• TO DO: Reproduce the line that holds "Units: m, deg. One object per line." together with all the lines after it up to the end of the entries.

╭─ RECORDS SHOWN

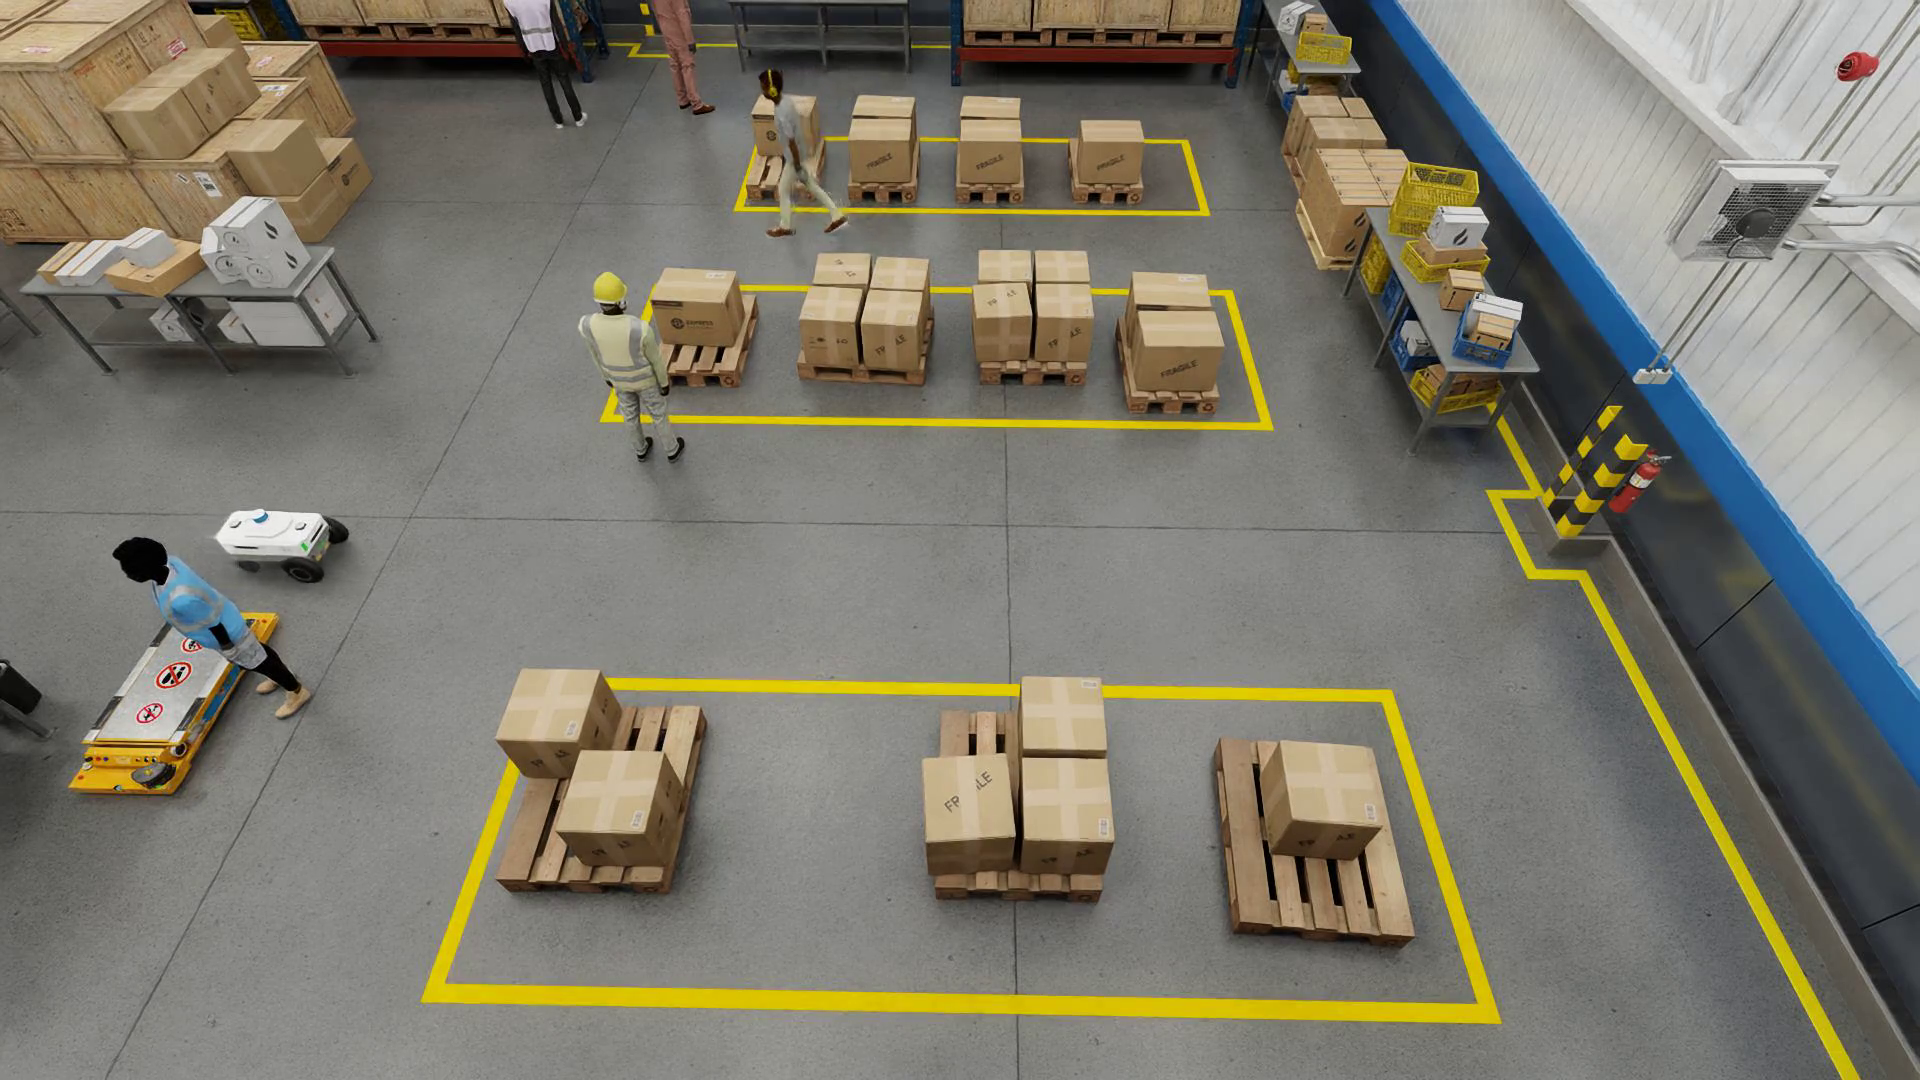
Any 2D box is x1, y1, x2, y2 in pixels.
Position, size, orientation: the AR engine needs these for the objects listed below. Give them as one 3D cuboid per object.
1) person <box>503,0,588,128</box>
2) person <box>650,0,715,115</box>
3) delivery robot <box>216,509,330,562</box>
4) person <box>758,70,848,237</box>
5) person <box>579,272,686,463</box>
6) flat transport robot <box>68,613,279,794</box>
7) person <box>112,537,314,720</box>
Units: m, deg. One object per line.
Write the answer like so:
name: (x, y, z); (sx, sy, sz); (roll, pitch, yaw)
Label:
person: (-5.215, -6.170, 11.500); (0.592, 1.915, 0.375); (-8, 50, -7)
person: (-3.613, -6.508, 11.792); (0.639, 1.910, 0.406); (36, 58, 26)
delivery robot: (-5.340, -0.045, 7.143); (0.707, 0.478, 0.477); (2, 50, 2)
person: (-1.716, -4.092, 9.807); (0.911, 1.824, 0.488); (1, 50, 0)
person: (-2.657, -1.357, 7.490); (0.582, 1.824, 0.403); (3, 50, 3)
flat transport robot: (-5.504, 1.072, 6.442); (0.652, 0.197, 1.431); (1, 50, 1)
person: (-4.812, 0.571, 5.935); (0.541, 1.700, 0.316); (35, 58, 26)

╰─

• PROBLEM SOLUTION:
Units: m, deg. One object per line.
Write the answer like so:
name: (x, y, z); (sx, sy, sz); (roll, pitch, yaw)
Label:
person: (-5.215, -6.170, 11.500); (0.592, 1.915, 0.375); (-8, 50, -7)
person: (-3.613, -6.508, 11.792); (0.639, 1.910, 0.406); (36, 58, 26)
delivery robot: (-5.340, -0.045, 7.143); (0.707, 0.478, 0.477); (2, 50, 2)
person: (-1.716, -4.092, 9.807); (0.911, 1.824, 0.488); (1, 50, 0)
person: (-2.657, -1.357, 7.490); (0.582, 1.824, 0.403); (3, 50, 3)
flat transport robot: (-5.504, 1.072, 6.442); (0.652, 0.197, 1.431); (1, 50, 1)
person: (-4.812, 0.571, 5.935); (0.541, 1.700, 0.316); (35, 58, 26)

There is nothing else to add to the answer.